Tijdens het schrijven heb ik geen muziek aan. In een stille omgeving kan ik beter nadenken. Ik hou niet van afleiding.
Er zijn wel een paar boeken van mezelf waar ik extra trots op ben. Dat zijn mijn historische jeugdboeken, maar bijvoorbeeld ook De letterfretter, een boek met gedichten waarin alle Friese klinkers en klinkercombinaties worden gebruikt. Een leuke manier om spelenderwijs de Fryske ien-, twa- en trijelûden te leren.

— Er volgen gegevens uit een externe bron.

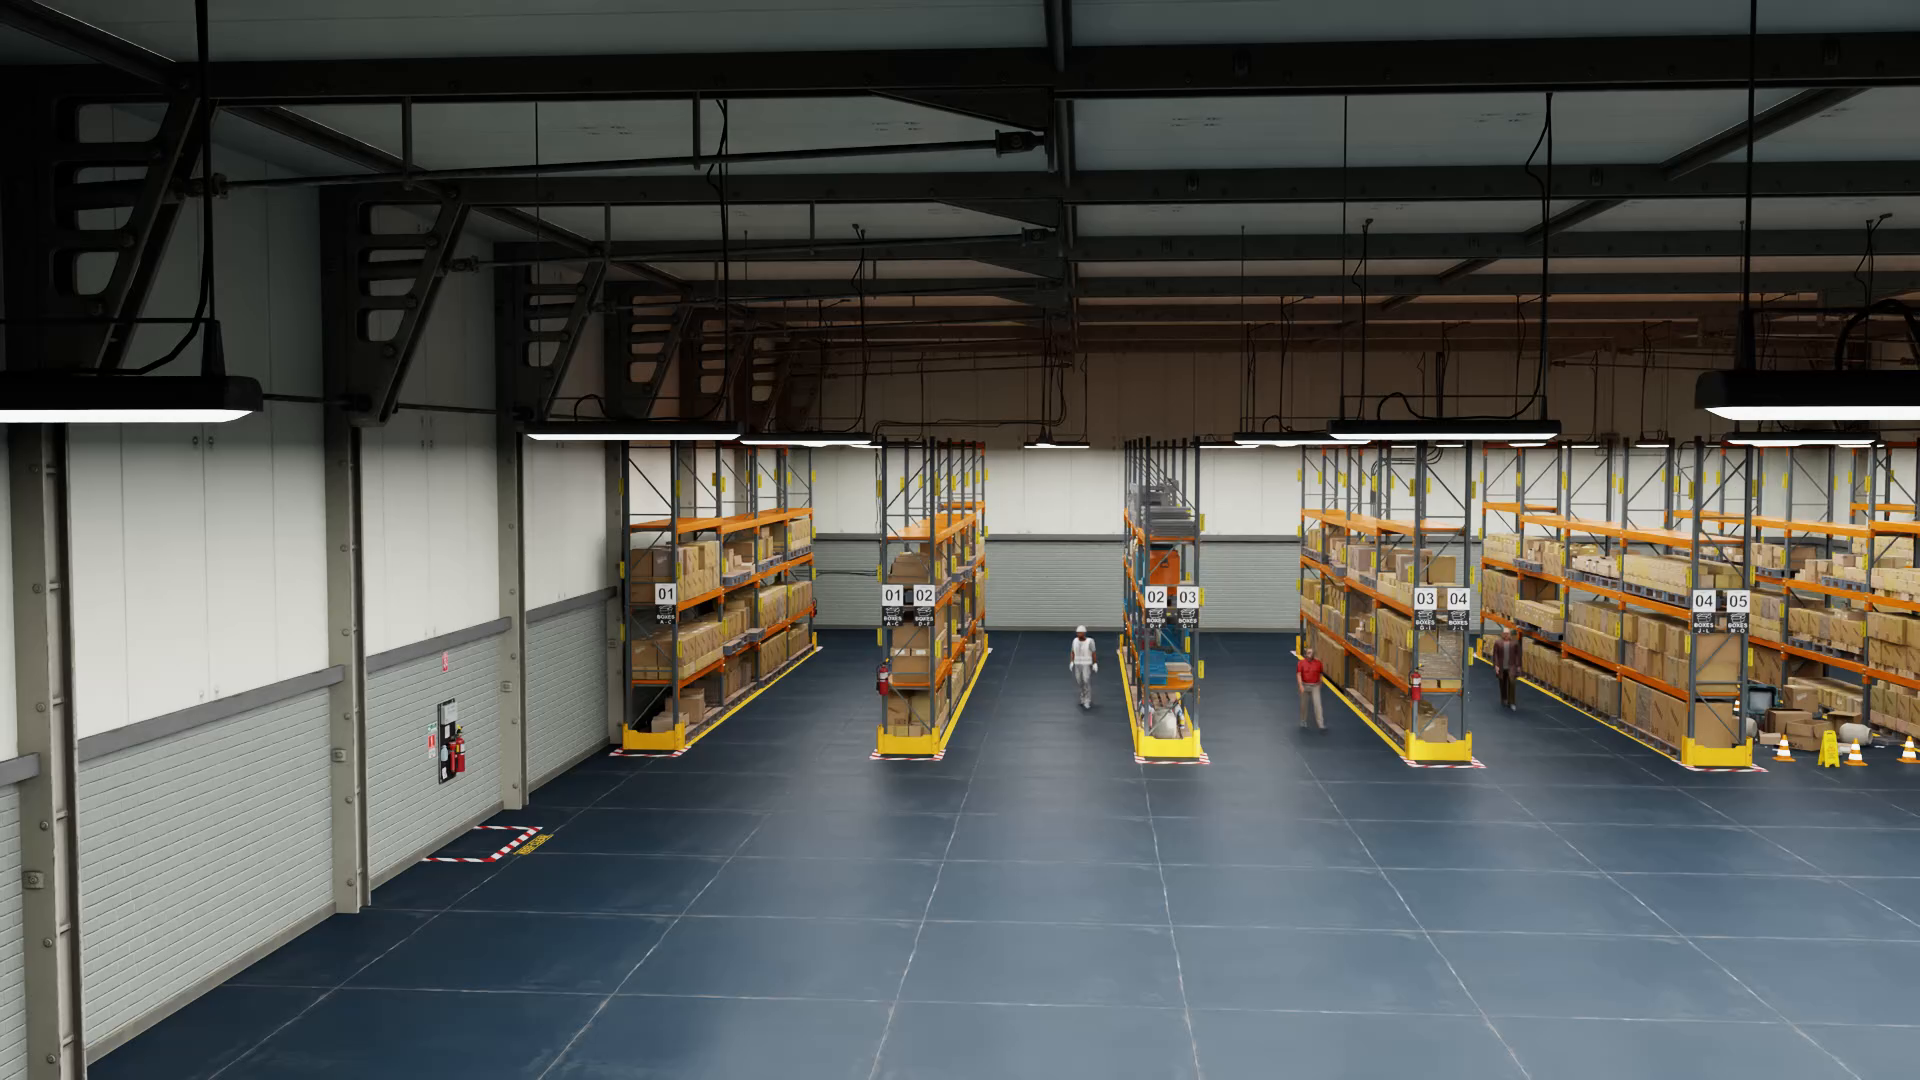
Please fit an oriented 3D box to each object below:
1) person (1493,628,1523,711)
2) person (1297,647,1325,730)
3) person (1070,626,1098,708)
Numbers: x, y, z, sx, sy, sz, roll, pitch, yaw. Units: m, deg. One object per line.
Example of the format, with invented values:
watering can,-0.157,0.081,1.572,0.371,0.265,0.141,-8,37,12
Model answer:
person,12.200,2.868,37.085,0.622,1.804,0.868,2,3,26
person,7.179,3.044,34.035,0.566,1.672,1.059,1,3,11
person,2.731,2.833,37.394,0.644,1.788,0.642,2,4,33
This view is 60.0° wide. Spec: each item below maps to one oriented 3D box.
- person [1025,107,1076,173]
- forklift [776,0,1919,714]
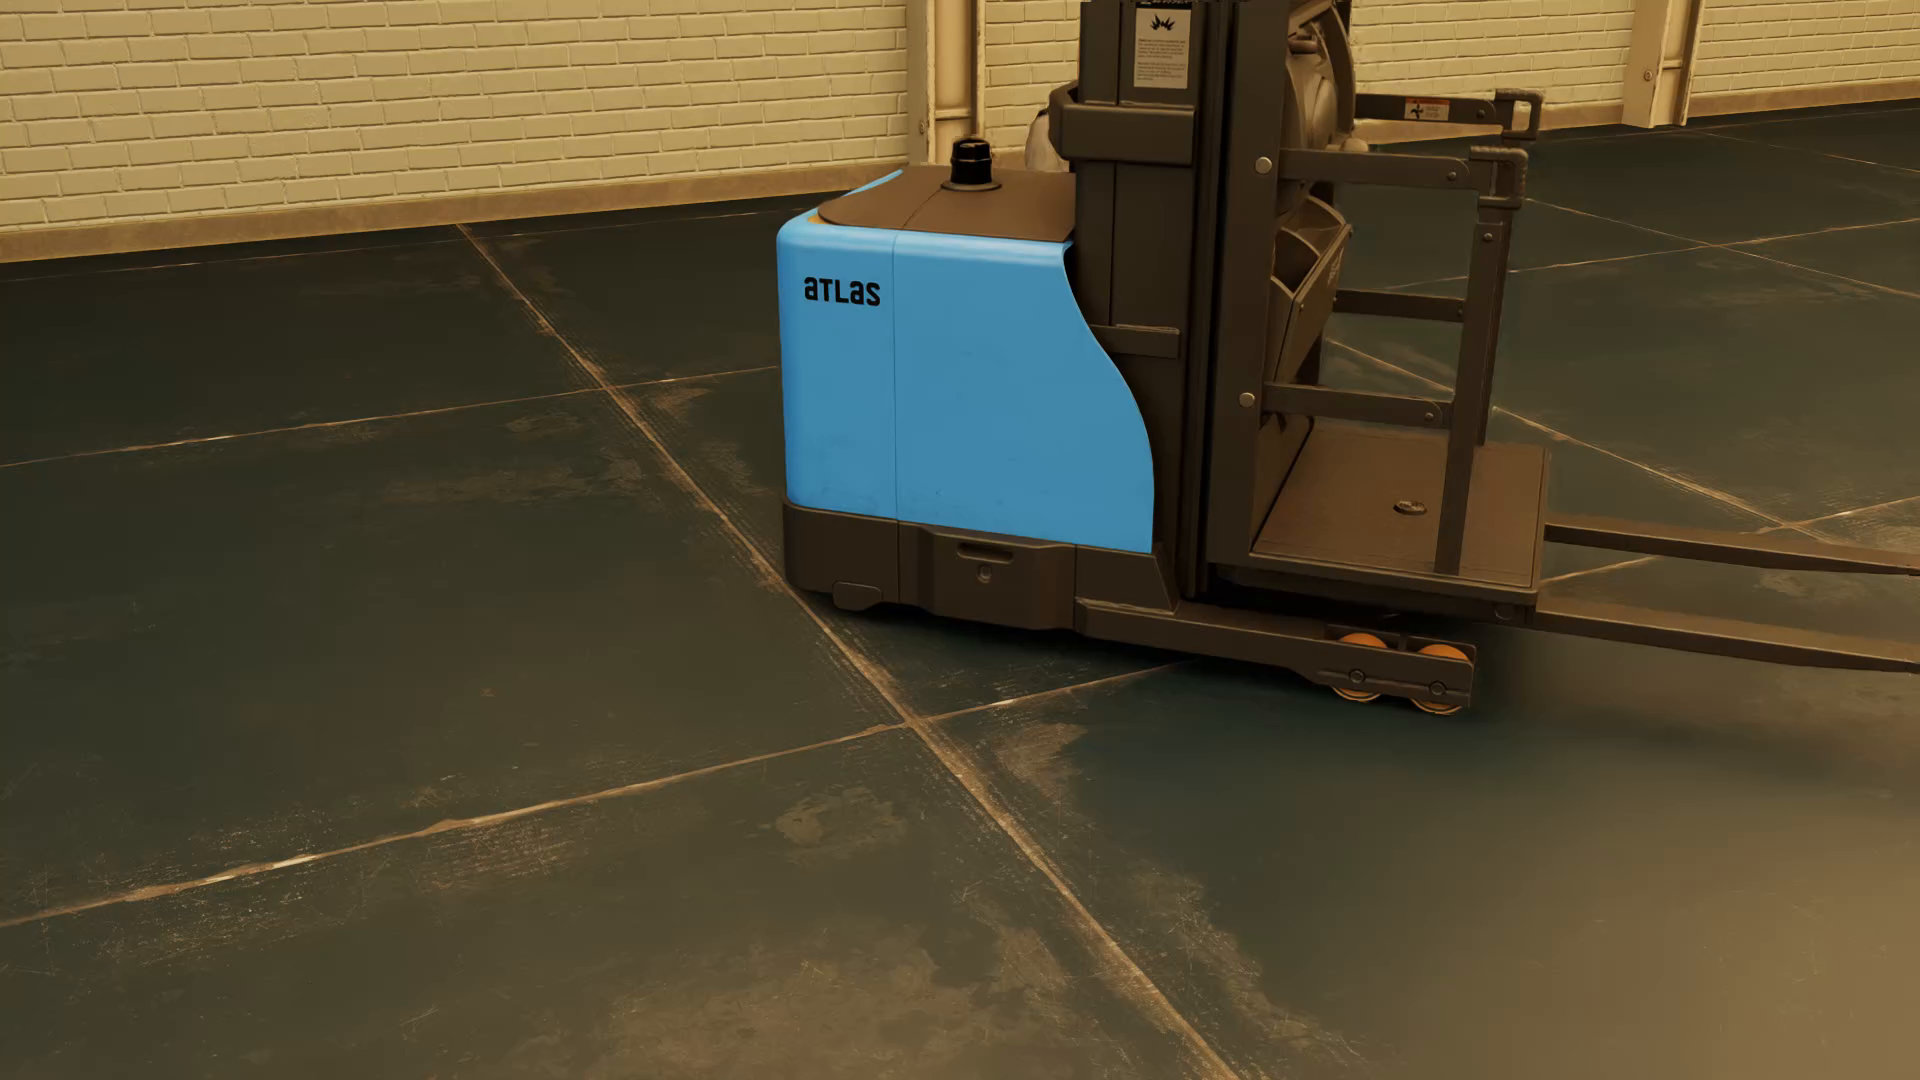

Wat doe je als je niet schrijft?
Mijn man en ik hebben een grote tuin waar veel werk in gaat zitten. Verder vind ik het leuk om naar het theater of naar musea te gaan. Ik ben regelmatig in Utrecht, want daar woont onze dochter.
Hou je van lezen?
Ja, maar ik lees niet voor mijn plezier als ik zelf aan een boek schrijf. Dan lees ik alleen voor onderzoek. Als een boek af is, neem ik weer tijd om te lezen, en dan vooral kinderboeken. Het laatste boek dat ik las? Dat was de voorleesbundel Draaistuk!, bedoeld voor docenten Nederlands en leerlingen in het vmbo. Er staan mooie fragmenten uit jeugdboeken in.
Las je vroeger veel?
Ja, mijn lievelingsboek was Tutte mei de Linten, een Fries boek met nonsensrijmpjes van Diet Huber. Het was voor mij als zevenjarige voor het eerst dat ik een boek in het Fries las. Ik leende het van een vriendinnetje en ik heb het zelf pas gekocht toen ik 30 jaar was. Als zevenjarige schreef ik zelfs verhaaltjes met de hoofdpersonen uit dit boek, zo dol was ik er op. Een soort fan-fiction, dus.
Wil je nog iets vertellen wat ik niet heb gevraagd?
Ik ben toegetreden tot de Schrijvers van de Ronde Tafel dat is een collectief van schrijvers van historische verhalen. In september ben ik met mijn collega’s te vinden tijdens het jaarlijkse weekend in het Archeon.